• Question: How come new elements are still being found?

    Asked by 536bera35 to Colin, John, Kevin, Shikha, Triona on 7 Nov 2014.
    • Photo: Tríona O'Connell

      Tríona O'Connell answered on 7 Nov 2014:


      New elements aren’t so much found as made. Theoretically, you can always add one more proton to an atom to make the next element on the periodic table, in practice, it’s not that neat. You need to smash two smaller elements together to get the larger element and those elements aren’t all that stable. It gets harder and harder as the elements get bigger and fall apart faster. So new elements will be made very rarely from now on.
      On top of which, in order to get your newly built element recognised, you’d have to measure it to prove you made it and then do some chemical reactions to prove it is what you said it is (and has the properties to match). One of the later chapters in Philip Ball’s Elegant Solutions tells the stories behind some groups that are doing this new element creation, I’d recommend seeing if it’s in your local library.

    • Photo: Kevin Motherway

      Kevin Motherway answered on 8 Nov 2014:


      As Triona says smashing elements together at incredible velocities in particle accelerators can yield really heavy elements that are quite radioactive and want to lose their protons and break down to a lower number elements as soon as possible. Naturally occurring or “stable” elements you can find in nature go from element 1 hydrogen to number 98 californium. Above those numbers you generating elements that do exist out there in the cosmos but we can only create for very short periods in particle accelerators like the large hadron collider at CERN.

      The most recently recognised element is number 117 and unofficially they’ve gotten up to 119. One of the reasons scientists keep going is that there’s a theory that there’s an “island of stability” that they will eventually reach and that a super heavy element that is stable enough to stay around long enough for an awards ceremony will be generated.

      Some science like this might seem pointless as we can’t see the applications right now, but guess what else came out of CERN? A very efficient way for scientists to distribute data over computer networks, now known as…….the Internet.
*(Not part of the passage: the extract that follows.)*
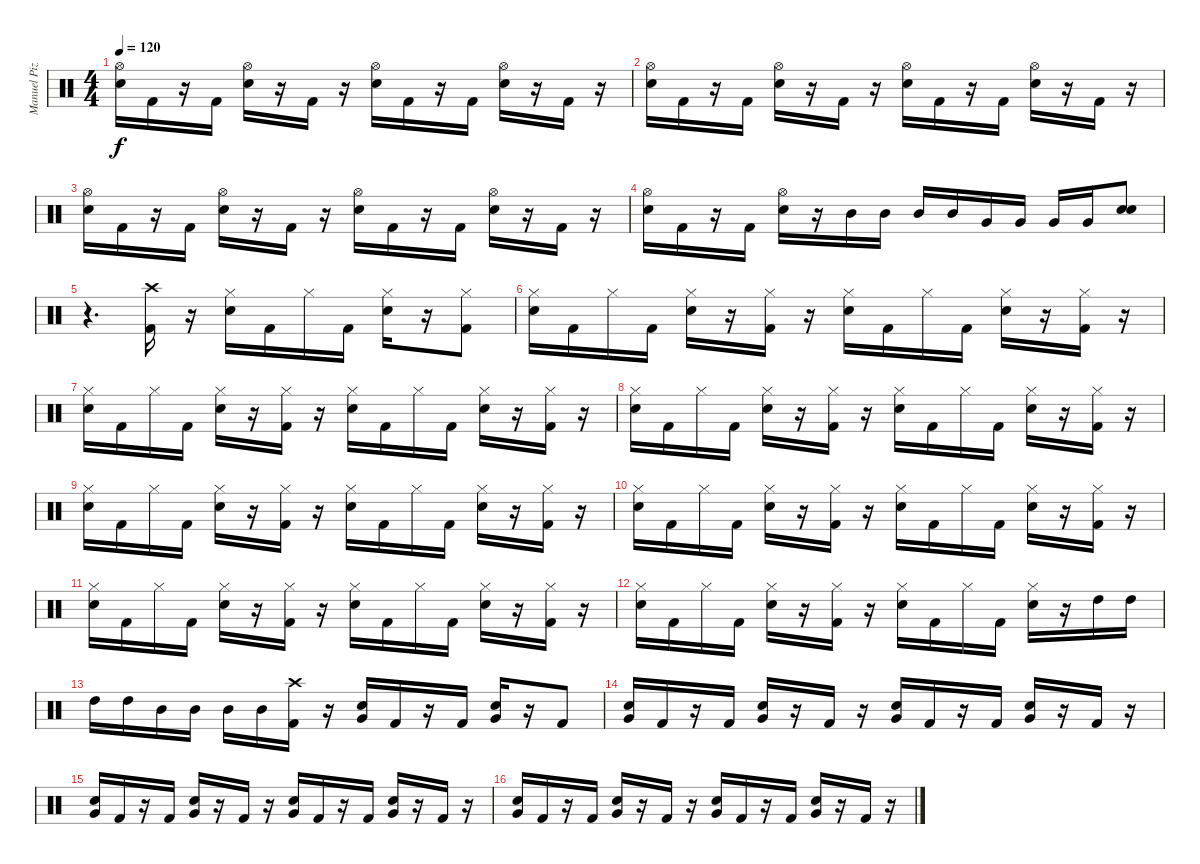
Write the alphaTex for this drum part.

      There’s an Einstein quote “if we knew what we were doing it wouldn’t be called research!” Here hoping that island of stability is out there at element 120?

    • Photo: Shikha Sharma

      Shikha Sharma answered on 11 Nov 2014:


      Hi 536 bera 35,
      As you know the atomic number of an element is determined by how many protons are found in the nucleus of an atom of that element. New elements aren’t exactly discovered anymore. But scientists rather create them using particle accelerators and nuclear reactions where they add protons to a existing element and produce new element. This can be done by smashing protons into atoms or by colliding atoms with each other. But these elements are generally unstable.